Amir menambahkan, kendati pandemi COVID-19 kian surut dan tengah dalam masa transisi menjadi endemi, kebiasaan untuk mengandalkan layanan online ini akan tetap berlanjut. Sebab menurut dia, peranan perkembangan digital yang menjadi motor penggerak utamanya.
"Saya kira secara umum ini akan lanjut karena memang ini didrive bukan hanya oleh pandemi tapi juga pengaruh dari teknologi. Jadi kebiasaan orang mengandalkan layanan online akan berlanjut,” tandasnya.

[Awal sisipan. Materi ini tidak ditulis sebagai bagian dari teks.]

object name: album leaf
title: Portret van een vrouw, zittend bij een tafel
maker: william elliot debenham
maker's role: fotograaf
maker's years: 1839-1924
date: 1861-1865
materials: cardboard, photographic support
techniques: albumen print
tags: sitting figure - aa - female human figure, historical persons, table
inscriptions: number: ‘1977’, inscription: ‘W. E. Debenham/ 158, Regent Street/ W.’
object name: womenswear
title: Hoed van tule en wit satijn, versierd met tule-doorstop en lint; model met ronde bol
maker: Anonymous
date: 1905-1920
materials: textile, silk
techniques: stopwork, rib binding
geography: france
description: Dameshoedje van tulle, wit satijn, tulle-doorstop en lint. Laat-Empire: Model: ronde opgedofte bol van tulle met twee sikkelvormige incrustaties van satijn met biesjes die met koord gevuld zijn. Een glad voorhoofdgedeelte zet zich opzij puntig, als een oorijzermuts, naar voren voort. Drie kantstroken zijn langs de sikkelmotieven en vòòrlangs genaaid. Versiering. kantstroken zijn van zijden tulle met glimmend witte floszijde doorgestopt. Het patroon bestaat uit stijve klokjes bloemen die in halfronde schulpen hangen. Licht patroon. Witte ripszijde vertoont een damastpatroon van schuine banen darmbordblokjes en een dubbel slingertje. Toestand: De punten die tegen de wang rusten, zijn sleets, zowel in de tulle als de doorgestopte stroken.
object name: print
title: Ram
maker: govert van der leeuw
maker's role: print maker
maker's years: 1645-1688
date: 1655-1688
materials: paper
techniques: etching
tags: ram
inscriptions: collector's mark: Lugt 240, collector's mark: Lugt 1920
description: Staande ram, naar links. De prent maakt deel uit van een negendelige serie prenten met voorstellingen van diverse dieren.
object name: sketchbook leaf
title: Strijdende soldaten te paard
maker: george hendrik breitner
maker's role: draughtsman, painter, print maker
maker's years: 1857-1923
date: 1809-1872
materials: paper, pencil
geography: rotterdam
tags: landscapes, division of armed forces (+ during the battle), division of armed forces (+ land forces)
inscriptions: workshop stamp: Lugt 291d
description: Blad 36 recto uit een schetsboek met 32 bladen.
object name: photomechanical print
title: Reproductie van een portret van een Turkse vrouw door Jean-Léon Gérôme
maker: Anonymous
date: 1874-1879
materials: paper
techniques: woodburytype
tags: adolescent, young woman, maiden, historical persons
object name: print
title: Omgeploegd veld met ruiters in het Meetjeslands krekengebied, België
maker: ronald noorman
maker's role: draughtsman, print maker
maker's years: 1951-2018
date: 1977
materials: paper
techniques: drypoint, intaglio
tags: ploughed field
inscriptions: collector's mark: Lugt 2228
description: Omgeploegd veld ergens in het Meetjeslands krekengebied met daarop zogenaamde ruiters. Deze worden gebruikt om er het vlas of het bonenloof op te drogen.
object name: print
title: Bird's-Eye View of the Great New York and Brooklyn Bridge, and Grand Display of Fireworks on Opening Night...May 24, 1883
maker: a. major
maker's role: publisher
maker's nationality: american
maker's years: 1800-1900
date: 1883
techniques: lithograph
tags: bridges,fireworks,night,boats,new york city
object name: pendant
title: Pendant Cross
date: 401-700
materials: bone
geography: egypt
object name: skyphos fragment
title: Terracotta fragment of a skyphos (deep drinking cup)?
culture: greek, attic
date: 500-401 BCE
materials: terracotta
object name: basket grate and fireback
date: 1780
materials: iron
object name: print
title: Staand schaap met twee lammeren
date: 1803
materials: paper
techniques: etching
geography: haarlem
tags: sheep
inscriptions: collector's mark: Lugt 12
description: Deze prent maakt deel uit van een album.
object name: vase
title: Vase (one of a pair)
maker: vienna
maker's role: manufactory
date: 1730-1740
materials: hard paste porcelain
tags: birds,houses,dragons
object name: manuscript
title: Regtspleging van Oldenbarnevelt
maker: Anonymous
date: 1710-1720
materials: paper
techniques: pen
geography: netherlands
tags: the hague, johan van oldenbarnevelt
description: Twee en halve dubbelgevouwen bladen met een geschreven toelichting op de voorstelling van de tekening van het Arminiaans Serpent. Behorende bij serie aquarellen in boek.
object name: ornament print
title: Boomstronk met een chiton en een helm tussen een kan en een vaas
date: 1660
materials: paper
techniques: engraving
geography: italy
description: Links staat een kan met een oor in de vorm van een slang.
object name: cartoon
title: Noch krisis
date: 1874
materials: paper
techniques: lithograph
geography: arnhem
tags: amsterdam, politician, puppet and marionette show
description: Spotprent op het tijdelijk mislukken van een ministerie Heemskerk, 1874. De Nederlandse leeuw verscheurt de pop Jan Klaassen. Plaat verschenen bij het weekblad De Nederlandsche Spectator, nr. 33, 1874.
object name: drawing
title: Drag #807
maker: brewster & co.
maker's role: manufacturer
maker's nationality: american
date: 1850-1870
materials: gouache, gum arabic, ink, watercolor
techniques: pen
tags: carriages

Hoaks Jadi Pemicu Lonjakan Kasus COVID-19
Hoaks menjadi salah satu masalah di tengah pandemi Covid-19. Pasalnya, informasi palsu tersebut menjadi penyebab lonjakan kasus Covid-19 yang terjadi belakangan ini.
Spesialis penyakit dalam dan vaksinolog, dr Dirga Sakti Rambe, MSc, SpPD mengatakan, dari awal pandemi hingga saat ini hoaks seputar Covid-19 masih menjadi pemicu melonjaknya Covid-19.
"Jelas sekali sejak awal pandemi sampai hari ini sangat dipengaruhi hoaks," kata Dirga, dalam Virtual Class Cek Fakta Liputan6.com, Rabu (30/11/2022).
Dirga mengungkapkan, isu yang dijadikan hoaks seputar Covid-19 tersebut bentuknya berbagai macam, mulai dari tentang virusnya hingga tentang vaksin. Kondisi ini membuat masyarakat mudah tersesat pada informasi yang salah sehingga mengakibatkan lonjakan kasus Covid-19.
"Hoaksnya macam-macam, mulai dari tentang virusnya, tentang vaksinnya tentang pengobatannya," ucapnya.
Menurut Dirga hoaks Covid-19 tidak bisa disepelekan sebab bisa menimbulkan akibat yang fatal, seperti sakit yang berat hingga kematian.
Dirga melanjutkan, untuk memerangi hoaks seputar Covid-19 perlu dilakukan dengan membanjiri informasi yang benar kepada masyarakat, baik secarang langsung maupun lewat media sosial.
"Ini bukan main-main, kita menghadapi infodemik selain pandemi, ayo kita saling mengingatkan kelompok yang rentan terkena hoaks. Kita yang muda harus membentengi dari hoaks, dengan membiasakan mendapat informasi dari sumber yang terpercaya," imbuhnya.